For this task, output exactly the lines of the material below starting at the line with "How many lights are lit on the desktop CPU?" and ending at the line with "What were all"; pictures are to be excluded.

**DATASET CONTENT**
::::::
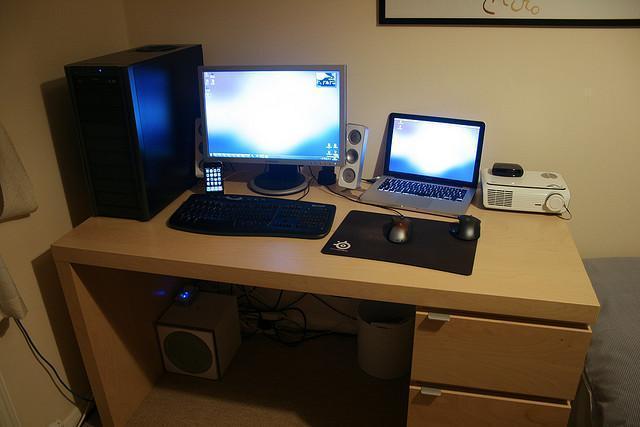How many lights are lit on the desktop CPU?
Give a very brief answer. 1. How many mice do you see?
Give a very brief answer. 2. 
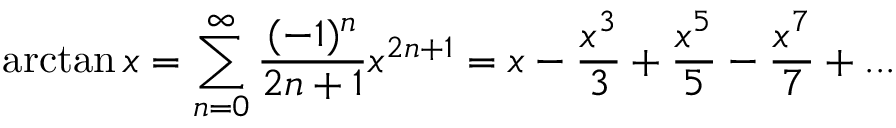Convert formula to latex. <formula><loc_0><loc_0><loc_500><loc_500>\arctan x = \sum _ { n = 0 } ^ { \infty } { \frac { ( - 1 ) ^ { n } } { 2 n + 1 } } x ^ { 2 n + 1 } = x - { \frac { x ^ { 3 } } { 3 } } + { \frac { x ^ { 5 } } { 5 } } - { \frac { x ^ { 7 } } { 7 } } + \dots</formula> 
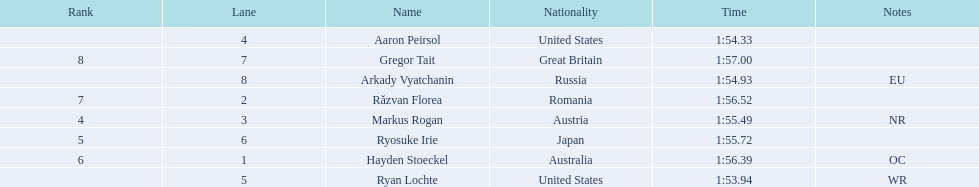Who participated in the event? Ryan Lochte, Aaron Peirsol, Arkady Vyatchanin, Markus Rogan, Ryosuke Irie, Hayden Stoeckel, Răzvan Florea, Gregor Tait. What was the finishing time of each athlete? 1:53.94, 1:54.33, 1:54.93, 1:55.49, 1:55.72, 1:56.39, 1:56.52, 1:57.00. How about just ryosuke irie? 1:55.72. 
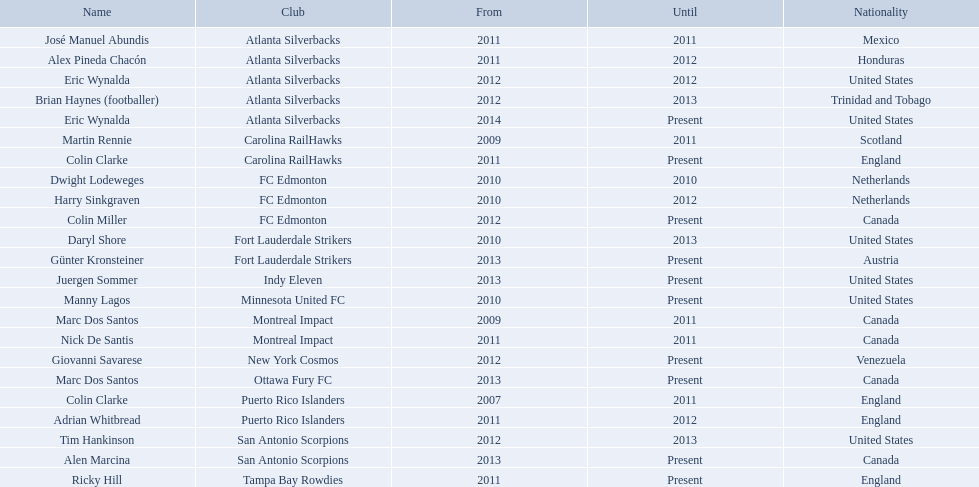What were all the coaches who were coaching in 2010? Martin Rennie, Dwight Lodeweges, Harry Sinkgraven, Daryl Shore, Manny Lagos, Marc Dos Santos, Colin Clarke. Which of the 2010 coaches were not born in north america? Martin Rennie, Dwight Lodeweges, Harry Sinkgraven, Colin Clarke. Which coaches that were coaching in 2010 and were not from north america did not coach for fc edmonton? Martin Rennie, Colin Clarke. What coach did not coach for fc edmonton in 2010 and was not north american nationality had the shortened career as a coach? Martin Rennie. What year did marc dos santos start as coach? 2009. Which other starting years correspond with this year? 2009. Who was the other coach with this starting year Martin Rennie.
::::::
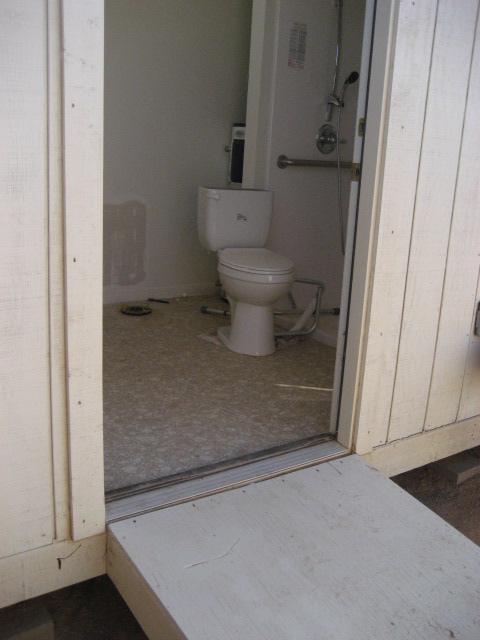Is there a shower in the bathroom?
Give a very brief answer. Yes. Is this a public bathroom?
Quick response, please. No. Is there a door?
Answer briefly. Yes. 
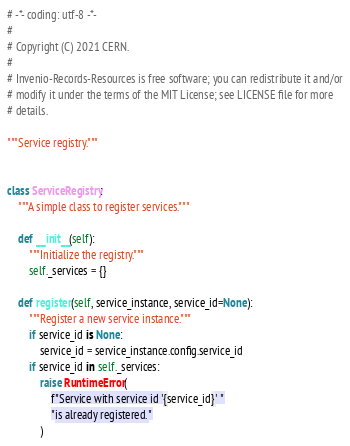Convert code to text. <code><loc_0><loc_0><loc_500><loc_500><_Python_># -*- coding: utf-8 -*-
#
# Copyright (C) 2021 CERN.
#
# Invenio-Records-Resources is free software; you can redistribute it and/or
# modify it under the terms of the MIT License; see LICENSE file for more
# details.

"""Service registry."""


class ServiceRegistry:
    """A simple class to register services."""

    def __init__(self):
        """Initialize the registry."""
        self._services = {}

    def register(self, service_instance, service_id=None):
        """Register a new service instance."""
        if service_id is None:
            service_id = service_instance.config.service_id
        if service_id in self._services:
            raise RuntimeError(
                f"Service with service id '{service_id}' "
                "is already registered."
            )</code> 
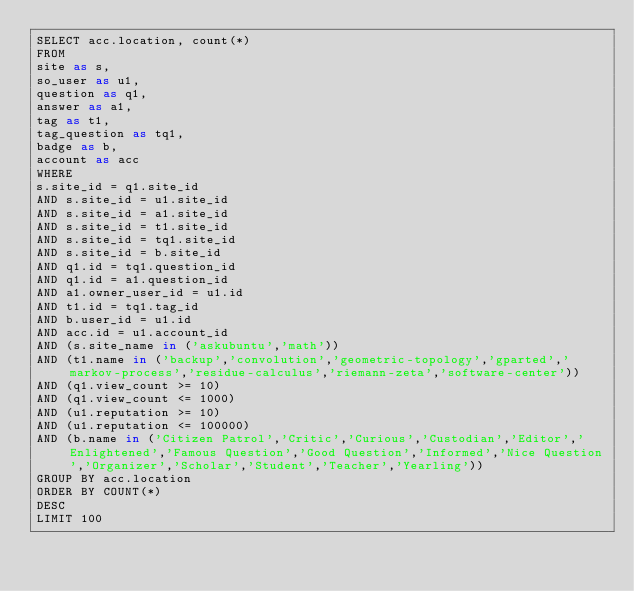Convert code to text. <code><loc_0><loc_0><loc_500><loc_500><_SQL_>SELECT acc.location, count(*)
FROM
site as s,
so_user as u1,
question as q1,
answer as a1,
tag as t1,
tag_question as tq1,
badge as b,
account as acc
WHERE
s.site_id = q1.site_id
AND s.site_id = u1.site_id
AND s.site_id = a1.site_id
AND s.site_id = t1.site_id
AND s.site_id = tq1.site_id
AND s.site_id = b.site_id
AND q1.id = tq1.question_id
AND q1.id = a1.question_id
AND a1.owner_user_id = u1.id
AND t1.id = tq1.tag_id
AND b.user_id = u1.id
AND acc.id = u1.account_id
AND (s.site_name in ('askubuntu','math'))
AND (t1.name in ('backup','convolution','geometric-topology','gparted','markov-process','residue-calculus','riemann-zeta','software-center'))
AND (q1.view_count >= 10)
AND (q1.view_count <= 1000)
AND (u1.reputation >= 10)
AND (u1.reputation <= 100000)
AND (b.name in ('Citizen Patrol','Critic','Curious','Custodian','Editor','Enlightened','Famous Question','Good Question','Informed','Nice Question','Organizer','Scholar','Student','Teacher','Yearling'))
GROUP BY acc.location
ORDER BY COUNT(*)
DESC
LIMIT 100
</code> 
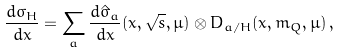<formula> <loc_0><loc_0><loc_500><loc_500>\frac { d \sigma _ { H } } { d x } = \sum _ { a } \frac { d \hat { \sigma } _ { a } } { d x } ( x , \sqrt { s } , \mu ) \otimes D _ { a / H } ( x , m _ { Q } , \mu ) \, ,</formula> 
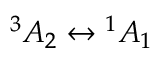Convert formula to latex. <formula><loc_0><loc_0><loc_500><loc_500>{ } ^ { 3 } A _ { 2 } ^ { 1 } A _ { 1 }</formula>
::::::
**RESPONSE AREA**
How many lights are lit on the desktop CPU?
Give a very brief answer. 1. How many mice do you see?
Give a very brief answer. 2. 
Convert formula to latex. <formula><loc_0><loc_0><loc_500><loc_500>\arctan x = \sum _ { n = 0 } ^ { \infty } { \frac { ( - 1 ) ^ { n } } { 2 n + 1 } } x ^ { 2 n + 1 } = x - { \frac { x ^ { 3 } } { 3 } } + { \frac { x ^ { 5 } } { 5 } } - { \frac { x ^ { 7 } } { 7 } } + \dots</formula> 
Who participated in the event? Ryan Lochte, Aaron Peirsol, Arkady Vyatchanin, Markus Rogan, Ryosuke Irie, Hayden Stoeckel, Răzvan Florea, Gregor Tait. What was the finishing time of each athlete? 1:53.94, 1:54.33, 1:54.93, 1:55.49, 1:55.72, 1:56.39, 1:56.52, 1:57.00. How about just ryosuke irie? 1:55.72. 
What were all the coaches who were coaching in 2010? Martin Rennie, Dwight Lodeweges, Harry Sinkgraven, Daryl Shore, Manny Lagos, Marc Dos Santos, Colin Clarke. Which of the 2010 coaches were not born in north america? Martin Rennie, Dwight Lodeweges, Harry Sinkgraven, Colin Clarke. Which coaches that were coaching in 2010 and were not from north america did not coach for fc edmonton? Martin Rennie, Colin Clarke. What coach did not coach for fc edmonton in 2010 and was not north american nationality had the shortened career as a coach? Martin Rennie. What year did marc dos santos start as coach? 2009. Which other starting years correspond with this year? 2009. Who was the other coach with this starting year Martin Rennie.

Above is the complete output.